RECORDS SHOWN section start

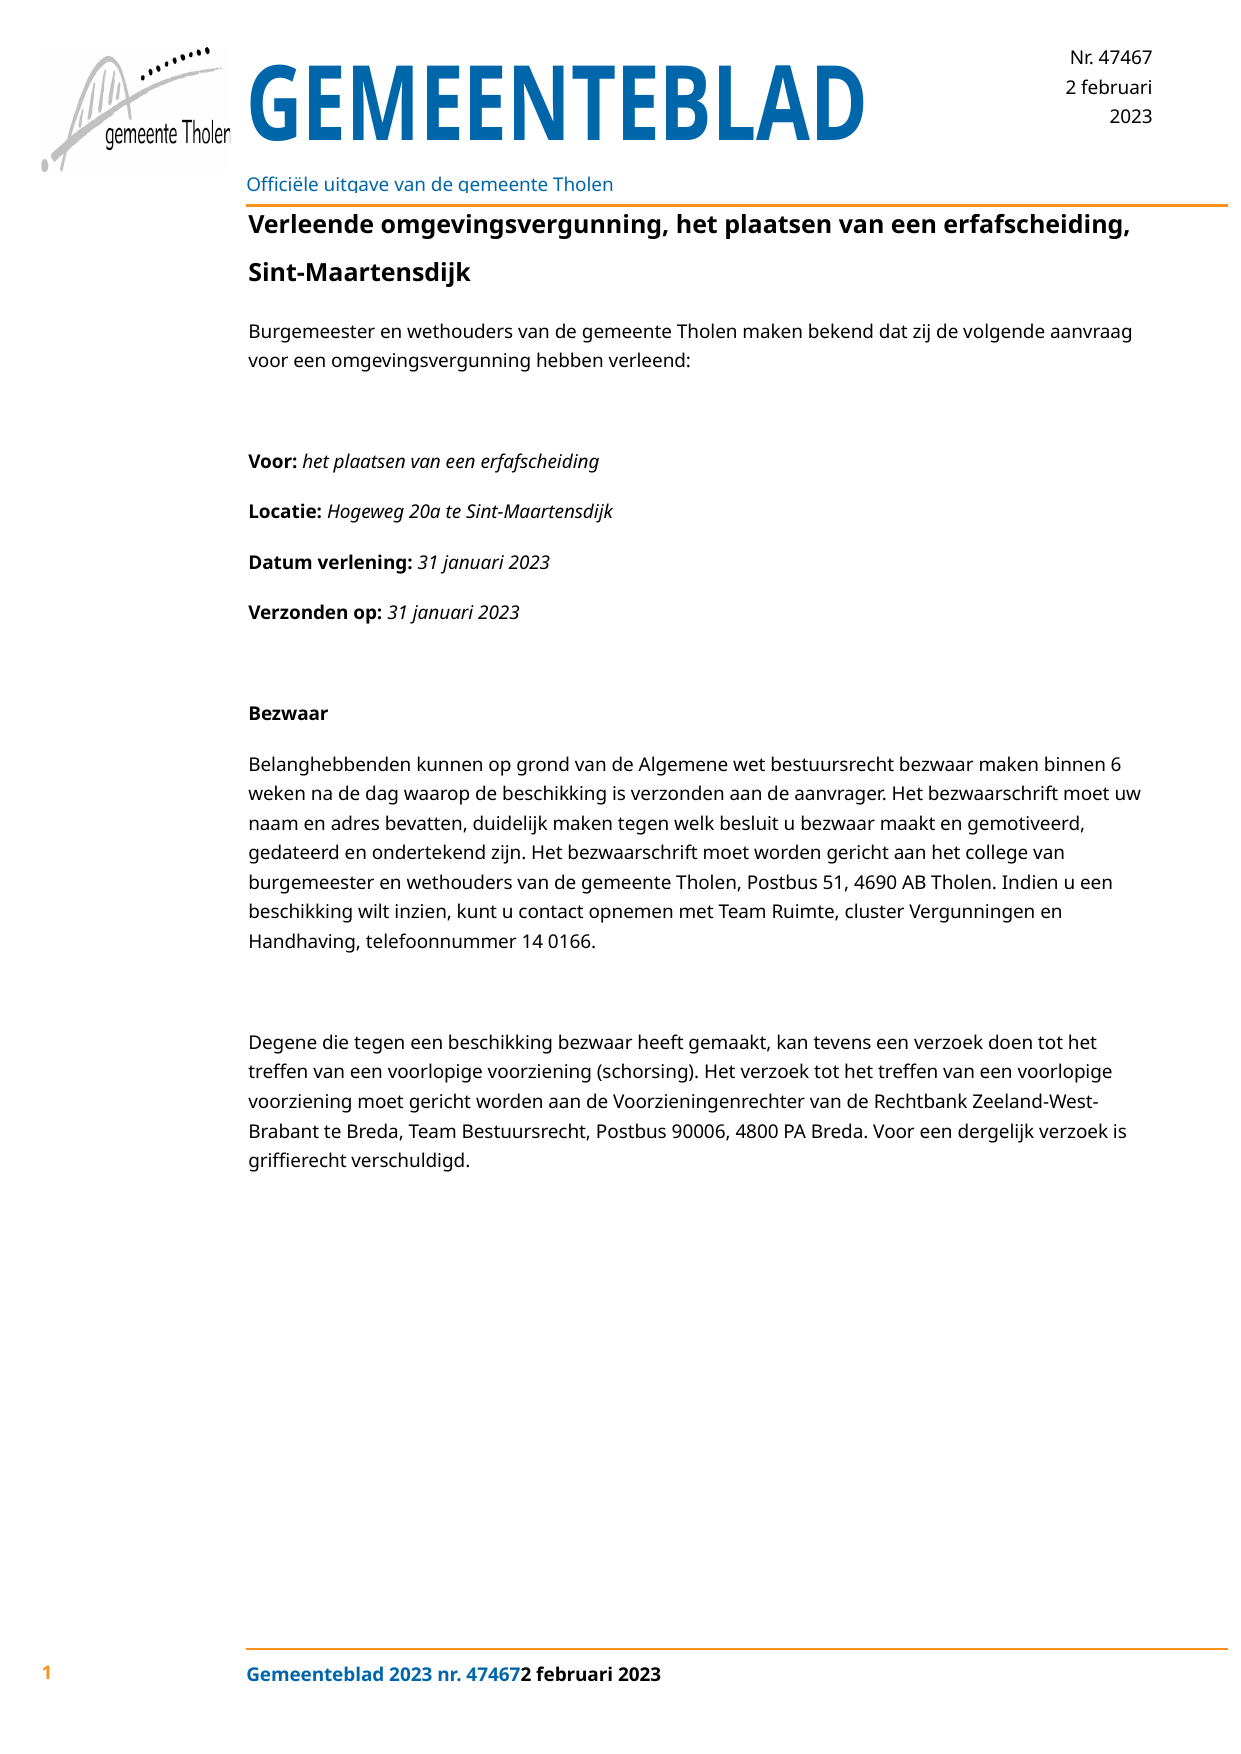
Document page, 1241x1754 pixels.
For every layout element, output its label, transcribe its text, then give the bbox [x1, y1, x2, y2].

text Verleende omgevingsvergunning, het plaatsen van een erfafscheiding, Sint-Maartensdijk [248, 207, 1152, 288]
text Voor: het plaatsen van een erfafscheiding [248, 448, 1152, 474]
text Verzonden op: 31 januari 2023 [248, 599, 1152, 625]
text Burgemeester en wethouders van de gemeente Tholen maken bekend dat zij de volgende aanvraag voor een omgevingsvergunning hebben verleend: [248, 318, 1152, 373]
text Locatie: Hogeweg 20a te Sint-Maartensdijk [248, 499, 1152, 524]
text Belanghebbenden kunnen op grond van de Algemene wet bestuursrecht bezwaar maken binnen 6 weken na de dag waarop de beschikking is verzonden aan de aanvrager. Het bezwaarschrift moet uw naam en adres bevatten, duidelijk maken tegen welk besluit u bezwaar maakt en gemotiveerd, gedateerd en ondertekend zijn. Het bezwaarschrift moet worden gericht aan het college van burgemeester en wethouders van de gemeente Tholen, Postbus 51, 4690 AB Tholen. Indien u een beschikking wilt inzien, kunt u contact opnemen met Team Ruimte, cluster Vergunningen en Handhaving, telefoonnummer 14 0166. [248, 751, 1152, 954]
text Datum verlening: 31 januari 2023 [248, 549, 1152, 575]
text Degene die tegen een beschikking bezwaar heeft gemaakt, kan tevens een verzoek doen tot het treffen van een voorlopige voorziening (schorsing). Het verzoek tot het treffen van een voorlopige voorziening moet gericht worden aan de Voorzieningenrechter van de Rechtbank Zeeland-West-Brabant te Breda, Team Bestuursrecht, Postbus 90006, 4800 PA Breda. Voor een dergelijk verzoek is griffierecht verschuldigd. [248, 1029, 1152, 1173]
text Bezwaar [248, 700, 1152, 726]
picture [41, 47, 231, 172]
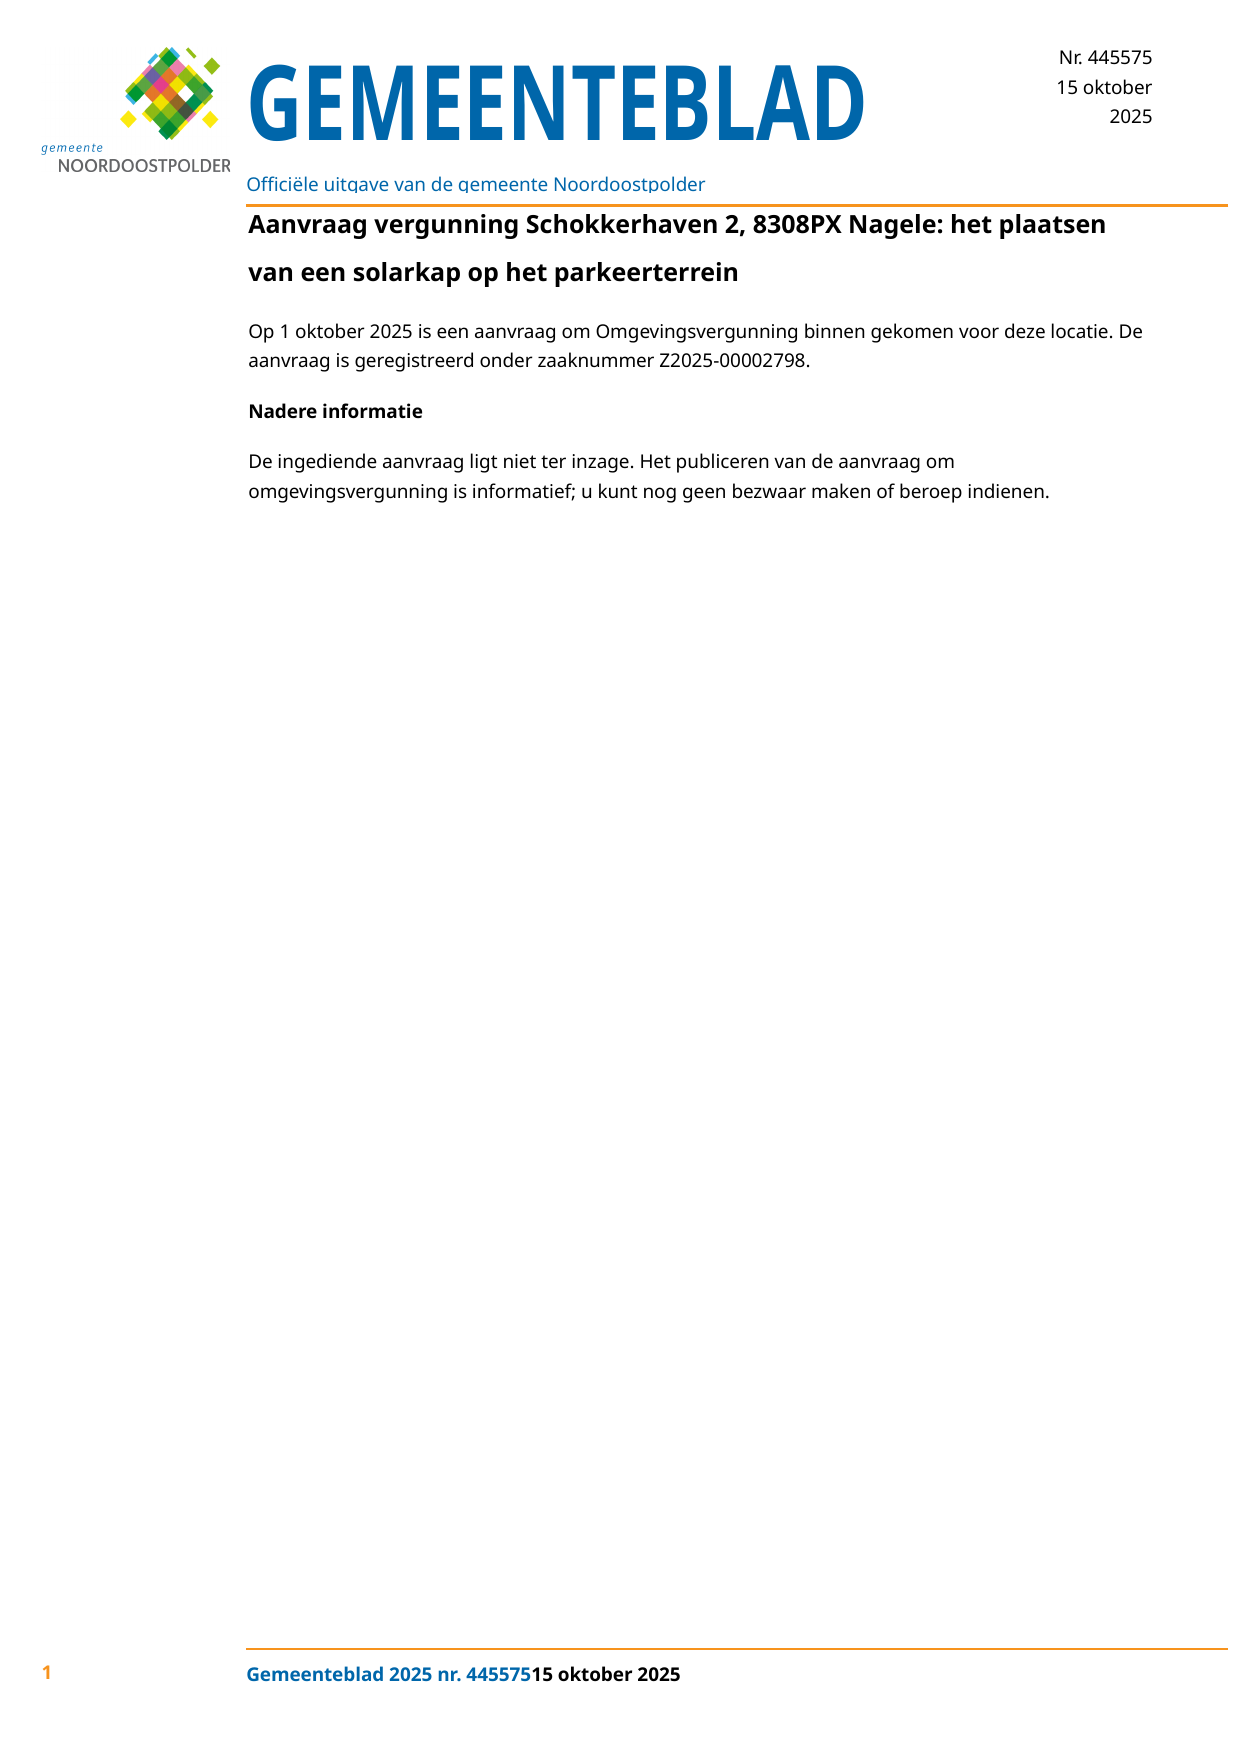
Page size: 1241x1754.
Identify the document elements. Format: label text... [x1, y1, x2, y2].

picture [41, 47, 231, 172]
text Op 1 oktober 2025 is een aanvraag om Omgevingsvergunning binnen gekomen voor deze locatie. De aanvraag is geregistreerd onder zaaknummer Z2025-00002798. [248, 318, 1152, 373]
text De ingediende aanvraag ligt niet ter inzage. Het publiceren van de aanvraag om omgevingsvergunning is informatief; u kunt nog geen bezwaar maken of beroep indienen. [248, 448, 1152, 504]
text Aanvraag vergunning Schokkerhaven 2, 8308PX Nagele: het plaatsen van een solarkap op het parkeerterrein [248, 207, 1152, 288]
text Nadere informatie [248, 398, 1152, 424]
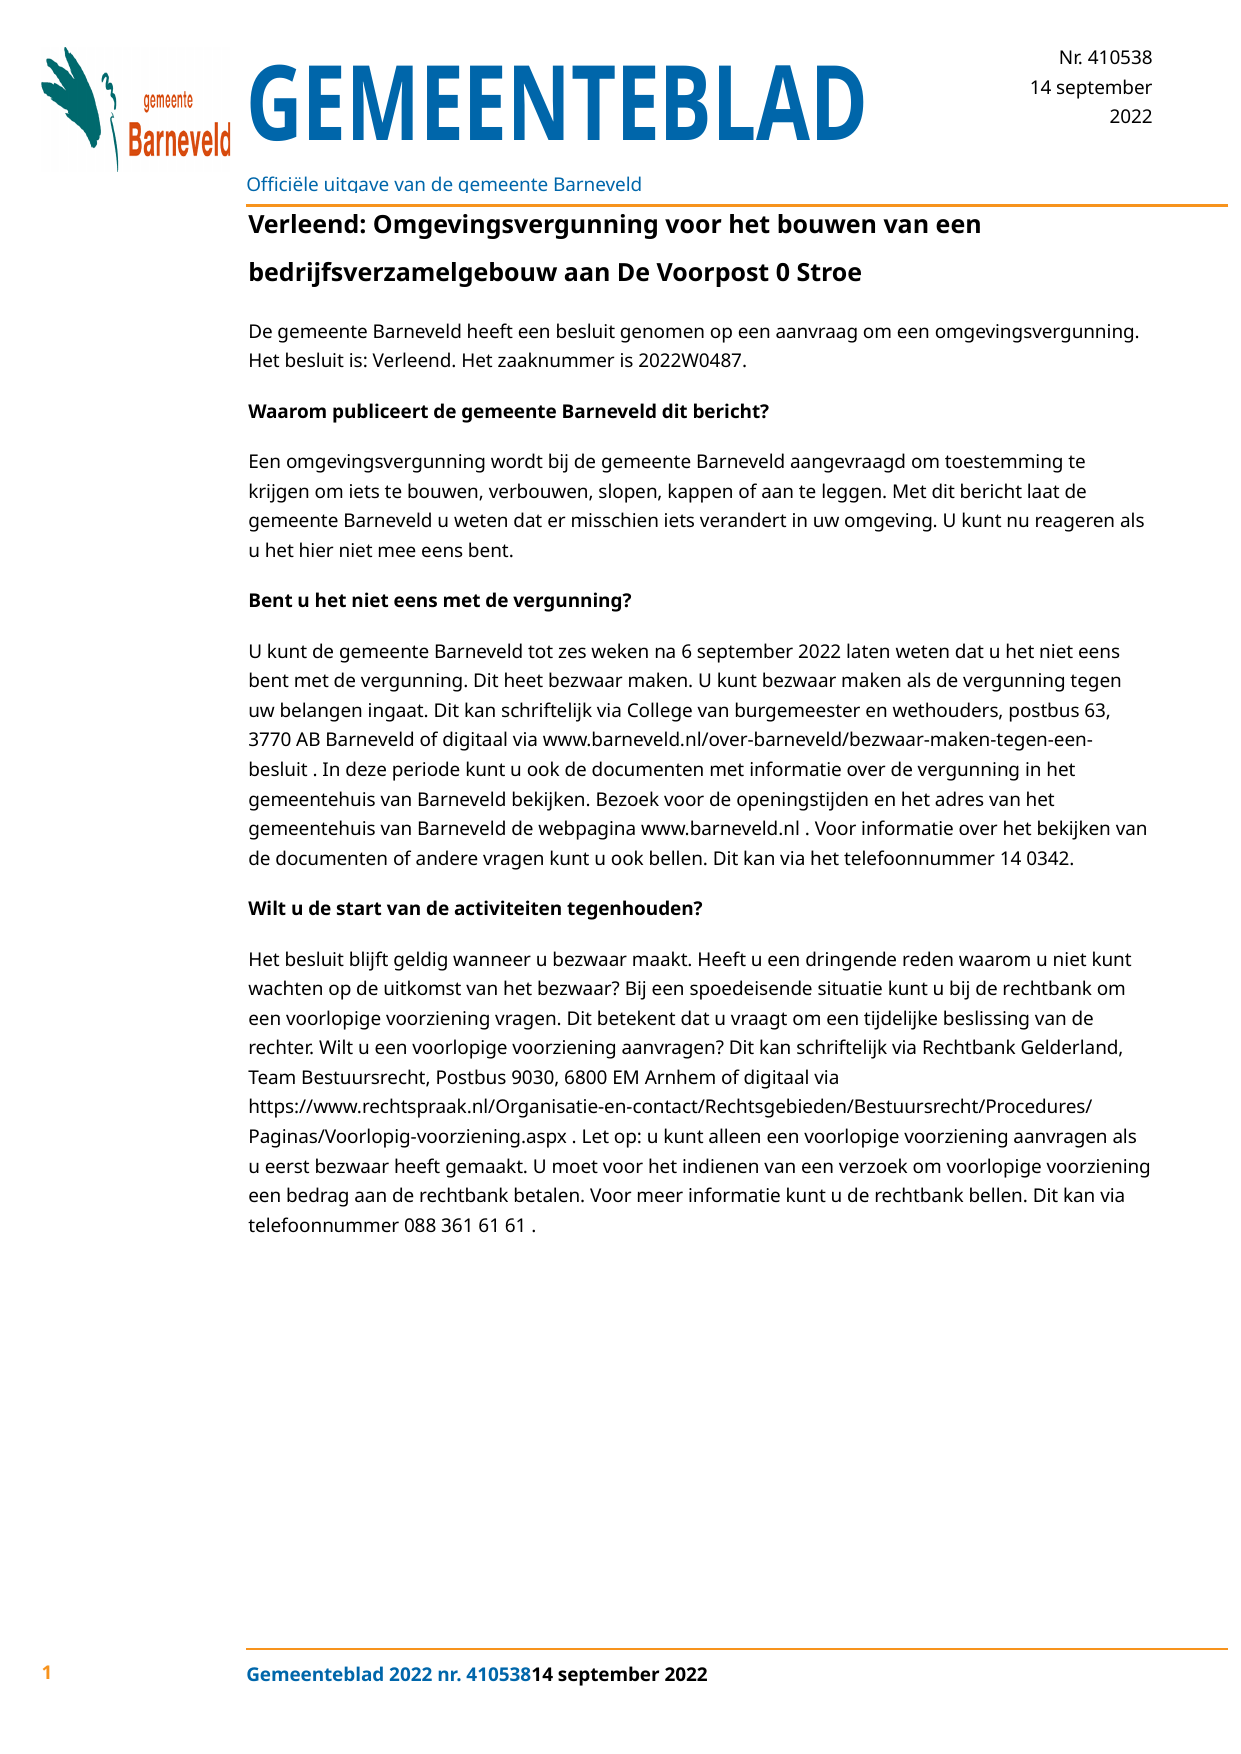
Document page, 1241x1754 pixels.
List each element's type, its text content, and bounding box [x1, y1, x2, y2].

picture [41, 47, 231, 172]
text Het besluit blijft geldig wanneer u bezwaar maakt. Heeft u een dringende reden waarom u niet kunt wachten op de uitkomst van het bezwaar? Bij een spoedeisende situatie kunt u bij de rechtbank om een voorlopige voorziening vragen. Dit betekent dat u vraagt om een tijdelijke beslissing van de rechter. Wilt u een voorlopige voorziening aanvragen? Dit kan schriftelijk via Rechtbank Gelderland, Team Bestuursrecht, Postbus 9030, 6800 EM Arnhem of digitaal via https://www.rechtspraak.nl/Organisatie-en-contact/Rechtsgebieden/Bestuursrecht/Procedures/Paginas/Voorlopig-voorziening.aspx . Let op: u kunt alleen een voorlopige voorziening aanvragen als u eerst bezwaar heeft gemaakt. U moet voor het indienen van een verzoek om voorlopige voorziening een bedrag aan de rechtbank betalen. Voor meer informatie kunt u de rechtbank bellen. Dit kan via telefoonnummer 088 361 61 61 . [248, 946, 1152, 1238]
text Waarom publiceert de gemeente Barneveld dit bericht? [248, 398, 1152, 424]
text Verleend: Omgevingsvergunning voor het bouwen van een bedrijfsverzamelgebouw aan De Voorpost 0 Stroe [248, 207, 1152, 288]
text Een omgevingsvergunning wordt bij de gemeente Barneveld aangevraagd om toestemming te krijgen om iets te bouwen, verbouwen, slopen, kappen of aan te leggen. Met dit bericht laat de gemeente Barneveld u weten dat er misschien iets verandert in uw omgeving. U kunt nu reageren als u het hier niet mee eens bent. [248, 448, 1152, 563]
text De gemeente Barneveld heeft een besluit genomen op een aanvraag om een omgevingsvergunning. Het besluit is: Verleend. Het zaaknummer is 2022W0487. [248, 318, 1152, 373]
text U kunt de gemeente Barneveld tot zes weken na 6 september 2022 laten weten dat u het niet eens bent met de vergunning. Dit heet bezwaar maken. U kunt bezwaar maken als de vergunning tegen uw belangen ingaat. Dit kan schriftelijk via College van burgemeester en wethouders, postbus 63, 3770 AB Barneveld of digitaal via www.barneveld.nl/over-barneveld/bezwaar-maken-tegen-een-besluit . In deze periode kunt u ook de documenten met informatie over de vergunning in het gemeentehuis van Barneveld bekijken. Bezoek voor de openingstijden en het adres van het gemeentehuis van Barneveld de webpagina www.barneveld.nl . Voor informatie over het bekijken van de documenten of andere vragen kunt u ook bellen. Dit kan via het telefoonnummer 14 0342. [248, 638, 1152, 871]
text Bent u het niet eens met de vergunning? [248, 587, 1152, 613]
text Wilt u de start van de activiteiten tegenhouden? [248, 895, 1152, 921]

RECORDS SHOWN section end

(TASK DIRECTIONS)
Identify each line in the entries with the word "Sint" and copy it.

(WRITTEN RESPONSE)
text Verleende omgevingsvergunning, het plaatsen van een erfafscheiding, Sint-Maartensdijk [248, 207, 1152, 288]
text Locatie: Hogeweg 20a te Sint-Maartensdijk [248, 499, 1152, 524]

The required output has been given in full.